Minerva bringing Pegasus to Bellerophon
Minerva bringing Pegasus to Bellerophon

It was through colonization and trade that the Greeks came into contact with other cultures such as the Phoenician traders who they crossed paths with in Italy and the eastern Mediterranean. The Greeks had pretty much abandoned writing in the dark ages but during this period of growth used the Semitic alphabet of the Phoenicians to symbolize the sounds of the Greek language. Other ideas filtered into Greek culture from the colonies and their interaction with the local people including the introduction of Eastern Mythology and religious ideas into the Greek myths, notably in the writings of Hesiod whose Theogony is probably the most important evidence of what the ancient Greeks believed, a sort of family-tree of the Gods written in verse form. (For more info see Richard Caldwell's Translation of Hesiod's Theogony which is probably the best unraveling of the poem). This is known as the oriental-izing period and evidence of this can be found in their art. For an interesting theory on the influences from the east on Greek art and culture with thousands of photos comparing Greek-Chinese and other cultures visit the website of Theresa Mitsopoulou.
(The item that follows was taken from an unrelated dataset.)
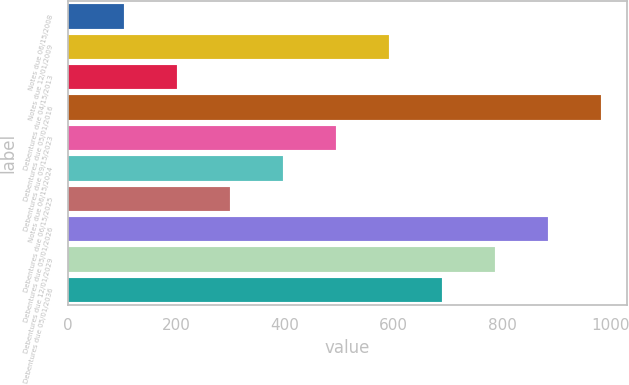Convert chart to OTSL. <chart><loc_0><loc_0><loc_500><loc_500><bar_chart><fcel>Notes due 06/15/2008<fcel>Notes due 12/01/2009<fcel>Debentures due 04/15/2013<fcel>Debentures due 05/01/2016<fcel>Debentures due 09/15/2023<fcel>Notes due 06/15/2024<fcel>Debentures due 06/15/2025<fcel>Debentures due 05/01/2026<fcel>Debentures due 12/01/2029<fcel>Debentures due 05/01/2036<nl><fcel>103<fcel>591<fcel>200.6<fcel>981.4<fcel>493.4<fcel>395.8<fcel>298.2<fcel>883.8<fcel>786.2<fcel>688.6<nl></chart>

Another interesting theory concerns the Palestinians* or as they are known in the Bible, the Philistines. The theory is that the Philistines were in fact the survivors of the Greek-Dorian conquest of Crete in 1200 BC and that these Minoans fled by sea to the Libyan coast and from there tried to gain a foothold in Egypt and failed and then went on to Canaan where they arrived just about the time that the Israelites moved in as well. Another theory is that they were survivors of the Troy expedition who lost their way home. Neither theory has real base and are only theories actually… but it is interesting as essentially it means that if the Palestinians failed to get what they wanted in Gaza they could always start claiming that Crete was their national homeland! Imagine what a mess that would be. Theory or reality it could explain the affinity the Greeks have for the Palestinians and vice-versa.

*Actually, until 1948 the word Palestinian referred to the Jewish settlers of the area. The Arabs who lived in what is now (mostly) Jordan and Israel always referred to themselves as Syrians.